A coach helps most when you want structure, accountability and someone qualified checking that the plan fits you. Ladder is strong here, with coach-led strength and conditioning programmes, structured multi-week blocks, a team feel and demo videos, on a premium subscription. Edge takes coaching a step further for hybrid training. It builds and coach-checks your plan across running, strength, HIIT and mobility, and lets you message a real coach anytime. If you want a human in the loop and more than just lifting, that is where Edge fits.
Start training with Edge
An AI-built, coach-checked plan across running, strength, HIIT and mobility, ready within a day. Message a real coach anytime.
Frequently asked questions
What is the best strength training app in 2026?
The best strength training app in 2026 depends on what you want: Edge if you want a plan built and coach-checked for you that also tracks your lifts, Hevy for the best free workout logger, Fitbod for AI-generated gym workouts, and Ladder for coach-led programmes.
Is Edge or Hevy better for strength training?

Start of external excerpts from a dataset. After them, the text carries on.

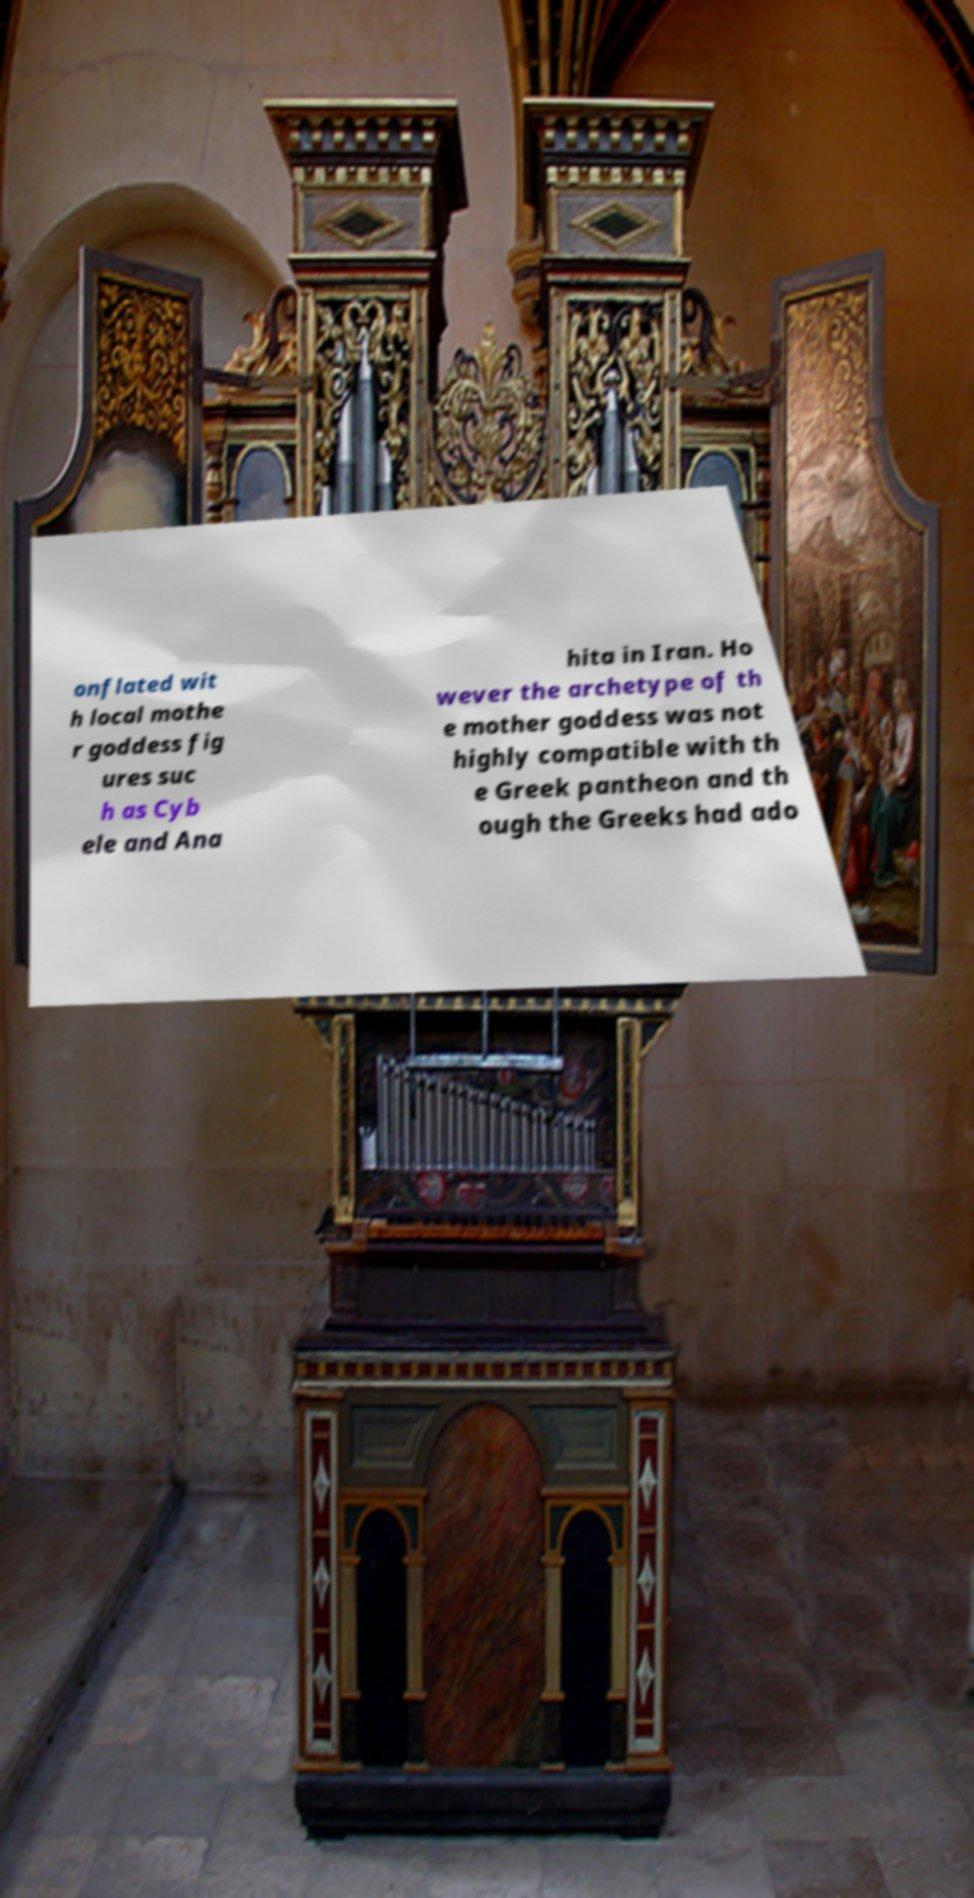What messages or text are displayed in this image? I need them in a readable, typed format. onflated wit h local mothe r goddess fig ures suc h as Cyb ele and Ana hita in Iran. Ho wever the archetype of th e mother goddess was not highly compatible with th e Greek pantheon and th ough the Greeks had ado 
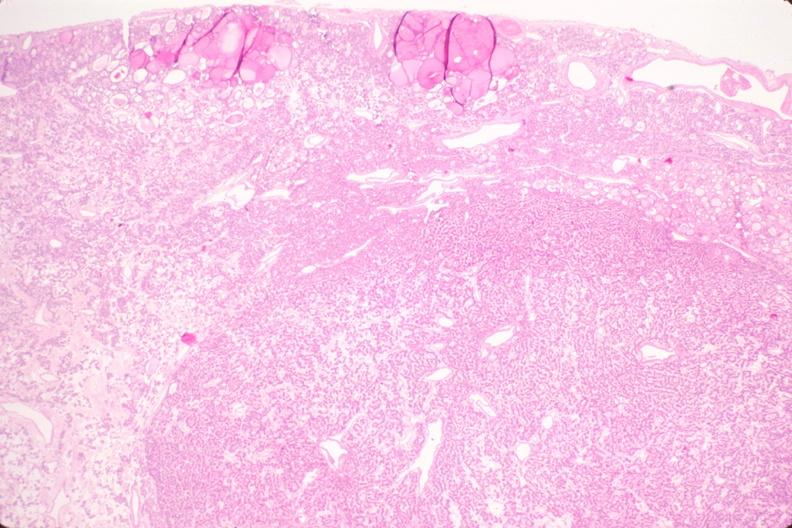what is present?
Answer the question using a single word or phrase. Endocrine 
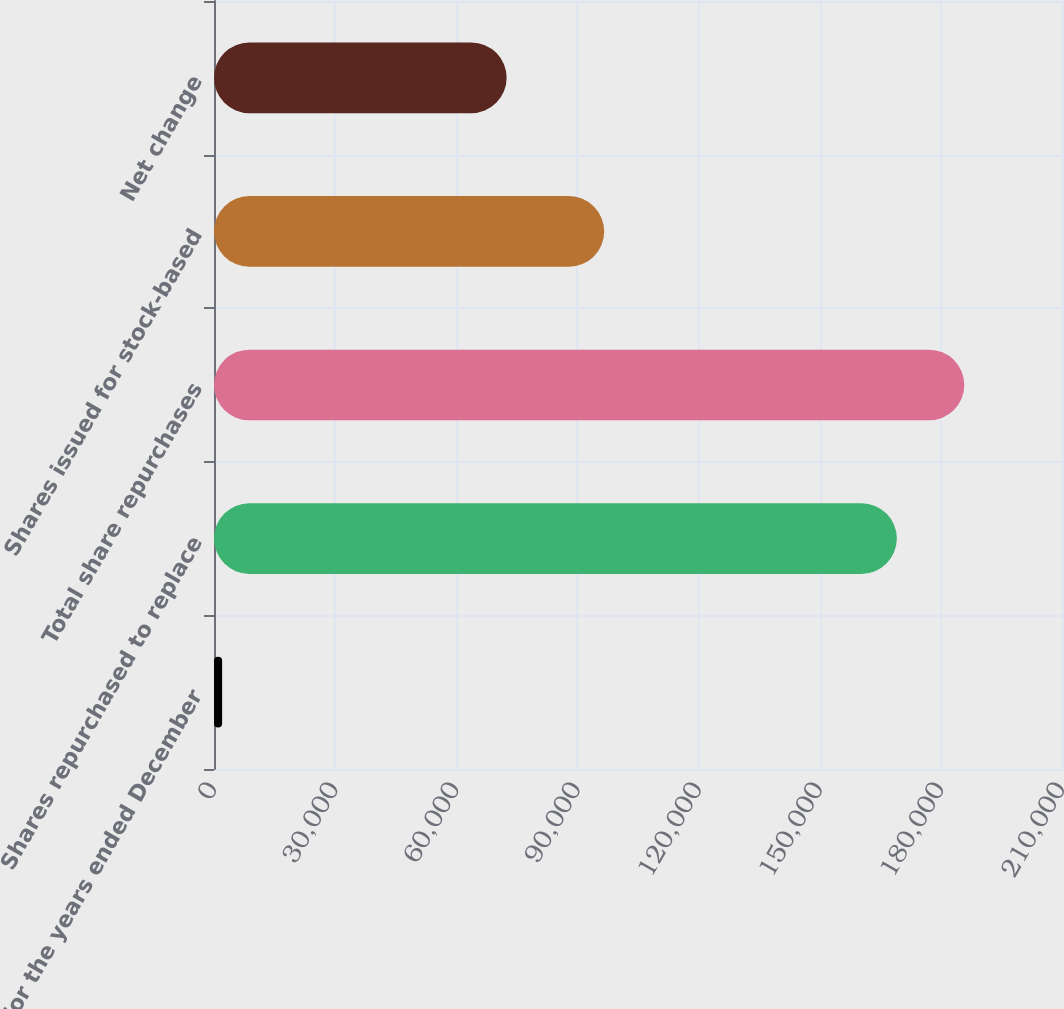Convert chart. <chart><loc_0><loc_0><loc_500><loc_500><bar_chart><fcel>For the years ended December<fcel>Shares repurchased to replace<fcel>Total share repurchases<fcel>Shares issued for stock-based<fcel>Net change<nl><fcel>2010<fcel>169099<fcel>185808<fcel>96627<fcel>72472<nl></chart>

It depends on whether you want a plan built for you or you want to program your own training. Hevy is an excellent free logger for people who design their own sessions. Edge builds and coach-checks a plan for you across running, strength, HIIT and mobility, and gives you a real coach to message, so it suits members who want the planning handled.
What is the best free strength training app?
Hevy is our pick for the best free strength training app for most people, with Strong close behind. Both let you log sets, reps and weight and track personal records for free, and both expect you to program your own training. Edge is not free, with a 7-day trial then from £19.99/month, because it builds and coach-checks your plan for you.
What should you look for in a strength training app?
Match the app to your goal. Choose a logger like Hevy or Strong if you program yourself, a generator like Fitbod if you want gym workouts picked for you, and real coaching if you want structure and accountability. Also consider whether it covers running and HIIT, syncs with your watch, and lets you swap sessions when life gets busy.
Do you need a coach or just a logger?
If you already know how to structure your training, a free logger such as Hevy or Strong is often enough. If you want workouts chosen for you without a human, Fitbod is a strong option. If you want structure, accountability and a plan someone checks across more than just lifting, a coached app like Edge or a programme-led app like Ladder is the better fit.